Exercise brief - Leave the pictures out while you restate every entry below word for word.

+++

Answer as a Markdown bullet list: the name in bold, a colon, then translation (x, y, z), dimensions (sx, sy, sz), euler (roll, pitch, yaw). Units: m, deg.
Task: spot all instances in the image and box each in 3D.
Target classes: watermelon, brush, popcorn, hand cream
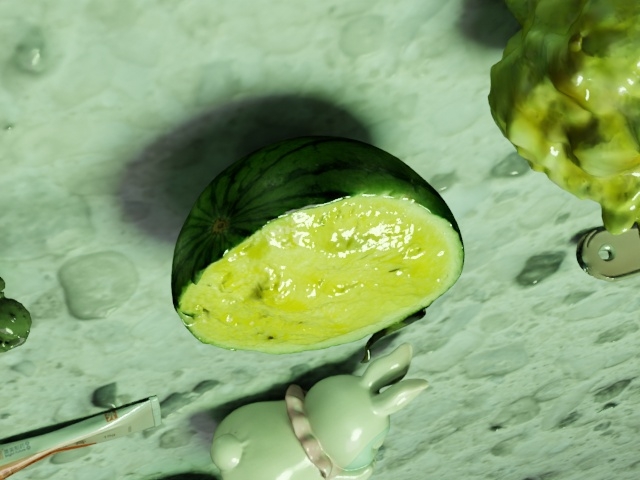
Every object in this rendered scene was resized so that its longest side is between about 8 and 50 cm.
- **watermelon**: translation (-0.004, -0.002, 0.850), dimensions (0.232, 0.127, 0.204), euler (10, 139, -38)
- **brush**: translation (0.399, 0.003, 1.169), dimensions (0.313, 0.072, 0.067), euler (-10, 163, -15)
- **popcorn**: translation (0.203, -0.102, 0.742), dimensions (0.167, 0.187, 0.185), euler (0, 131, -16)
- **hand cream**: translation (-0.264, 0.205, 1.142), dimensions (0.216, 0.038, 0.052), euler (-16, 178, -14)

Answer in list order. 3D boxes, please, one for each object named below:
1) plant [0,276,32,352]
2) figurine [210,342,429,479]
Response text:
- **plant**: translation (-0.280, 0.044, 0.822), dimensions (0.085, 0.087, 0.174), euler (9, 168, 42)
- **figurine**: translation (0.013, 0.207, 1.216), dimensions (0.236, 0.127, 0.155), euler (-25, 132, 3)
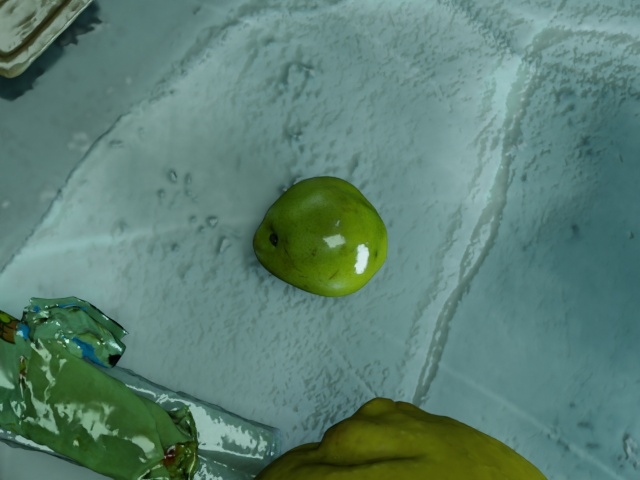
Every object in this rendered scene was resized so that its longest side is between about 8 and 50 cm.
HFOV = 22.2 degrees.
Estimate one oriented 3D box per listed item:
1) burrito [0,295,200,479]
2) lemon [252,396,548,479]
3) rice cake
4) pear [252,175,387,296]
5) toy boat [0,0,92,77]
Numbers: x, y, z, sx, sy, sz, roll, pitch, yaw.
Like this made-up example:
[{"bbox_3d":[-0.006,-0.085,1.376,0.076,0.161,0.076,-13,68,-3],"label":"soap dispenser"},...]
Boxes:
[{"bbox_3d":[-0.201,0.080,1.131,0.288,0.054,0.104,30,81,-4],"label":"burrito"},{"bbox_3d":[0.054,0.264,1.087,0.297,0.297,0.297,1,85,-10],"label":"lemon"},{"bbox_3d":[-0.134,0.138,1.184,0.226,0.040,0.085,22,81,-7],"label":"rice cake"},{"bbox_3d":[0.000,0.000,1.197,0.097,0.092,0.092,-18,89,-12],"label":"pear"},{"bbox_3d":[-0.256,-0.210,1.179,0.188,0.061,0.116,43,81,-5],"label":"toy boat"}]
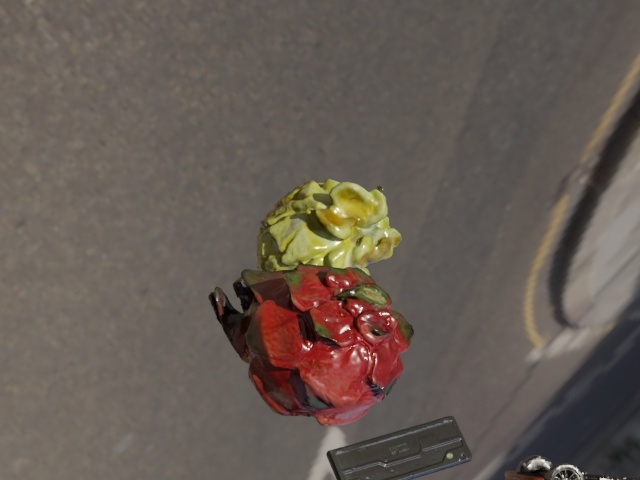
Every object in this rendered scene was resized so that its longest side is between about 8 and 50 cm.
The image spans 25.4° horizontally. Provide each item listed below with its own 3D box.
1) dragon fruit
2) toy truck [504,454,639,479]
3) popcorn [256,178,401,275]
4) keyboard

+++

Exercise result -
Answer as a Markdown bullet list: the name in bold, a colon, then translation (x, y, z), dimensions (sx, sy, sz), euler (roll, pitch, yaw). Units: m, deg.
Task: spot all instances in the image and box each in 3D.
Target classes: watermelon, brush, popcorn, hand cream
Every object in this rendered scene was resized so that its longest side is between about 8 and 50 cm.
- **watermelon**: translation (-0.004, -0.002, 0.850), dimensions (0.232, 0.127, 0.204), euler (10, 139, -38)
- **brush**: translation (0.399, 0.003, 1.169), dimensions (0.313, 0.072, 0.067), euler (-10, 163, -15)
- **popcorn**: translation (0.203, -0.102, 0.742), dimensions (0.167, 0.187, 0.185), euler (0, 131, -16)
- **hand cream**: translation (-0.264, 0.205, 1.142), dimensions (0.216, 0.038, 0.052), euler (-16, 178, -14)

Answer in list order. 3D boxes, please, one for each object named below:
1) plant [0,276,32,352]
2) figurine [210,342,429,479]
Response text:
- **plant**: translation (-0.280, 0.044, 0.822), dimensions (0.085, 0.087, 0.174), euler (9, 168, 42)
- **figurine**: translation (0.013, 0.207, 1.216), dimensions (0.236, 0.127, 0.155), euler (-25, 132, 3)
Every object in this rendered scene was resized so that its longest side is between about 8 and 50 cm.
HFOV = 22.2 degrees.
Estimate one oriented 3D box per listed item:
1) burrito [0,295,200,479]
2) lemon [252,396,548,479]
3) rice cake
4) pear [252,175,387,296]
5) toy boat [0,0,92,77]
Numbers: x, y, z, sx, sy, sz, roll, pitch, yaw.
Like this made-up example:
[{"bbox_3d":[-0.006,-0.085,1.376,0.076,0.161,0.076,-13,68,-3],"label":"soap dispenser"},...]
Boxes:
[{"bbox_3d":[-0.201,0.080,1.131,0.288,0.054,0.104,30,81,-4],"label":"burrito"},{"bbox_3d":[0.054,0.264,1.087,0.297,0.297,0.297,1,85,-10],"label":"lemon"},{"bbox_3d":[-0.134,0.138,1.184,0.226,0.040,0.085,22,81,-7],"label":"rice cake"},{"bbox_3d":[0.000,0.000,1.197,0.097,0.092,0.092,-18,89,-12],"label":"pear"},{"bbox_3d":[-0.256,-0.210,1.179,0.188,0.061,0.116,43,81,-5],"label":"toy boat"}]
Every object in this rendered scene was resized so that its longest side is between about 8 and 50 cm.
The image spans 25.4° horizontally. Provide each item listed below with its own 3D box.
1) dragon fruit
2) toy truck [504,454,639,479]
3) popcorn [256,178,401,275]
4) keyboard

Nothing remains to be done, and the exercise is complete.